# [Exercise]
The line containing "This screenshot has height=1232, width=953." marks the start. Restate it and every following line through the end of the records exactly, and nothing else, leaving out the pictures.

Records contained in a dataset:

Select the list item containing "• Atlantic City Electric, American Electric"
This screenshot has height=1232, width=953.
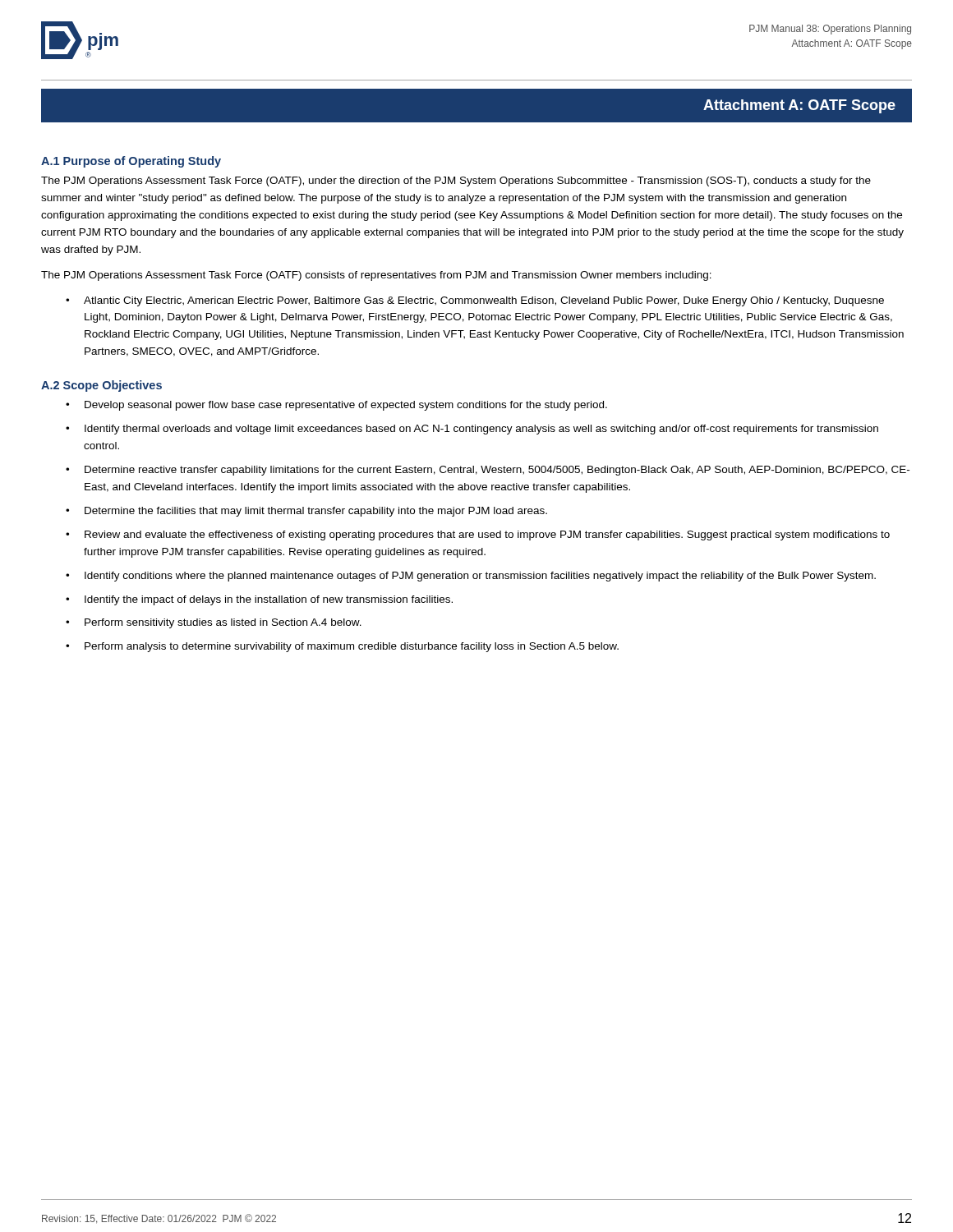489,326
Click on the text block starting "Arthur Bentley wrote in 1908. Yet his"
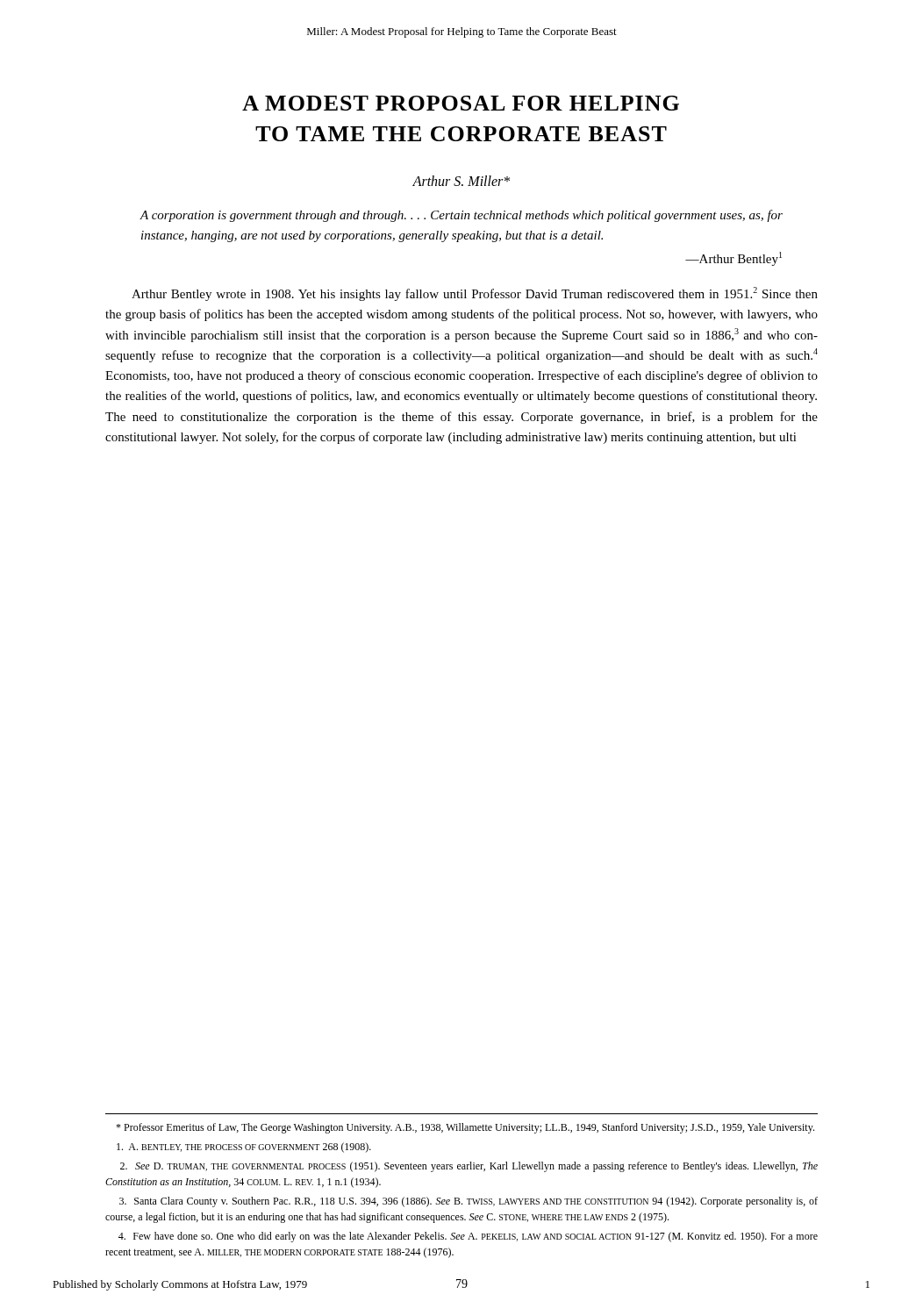Screen dimensions: 1316x923 click(x=462, y=365)

# [Expected answer]
This screenshot has height=1232, width=953.
489,326
Click on the text block starting "Arthur Bentley wrote in 1908. Yet his"
Screen dimensions: 1316x923 click(x=462, y=365)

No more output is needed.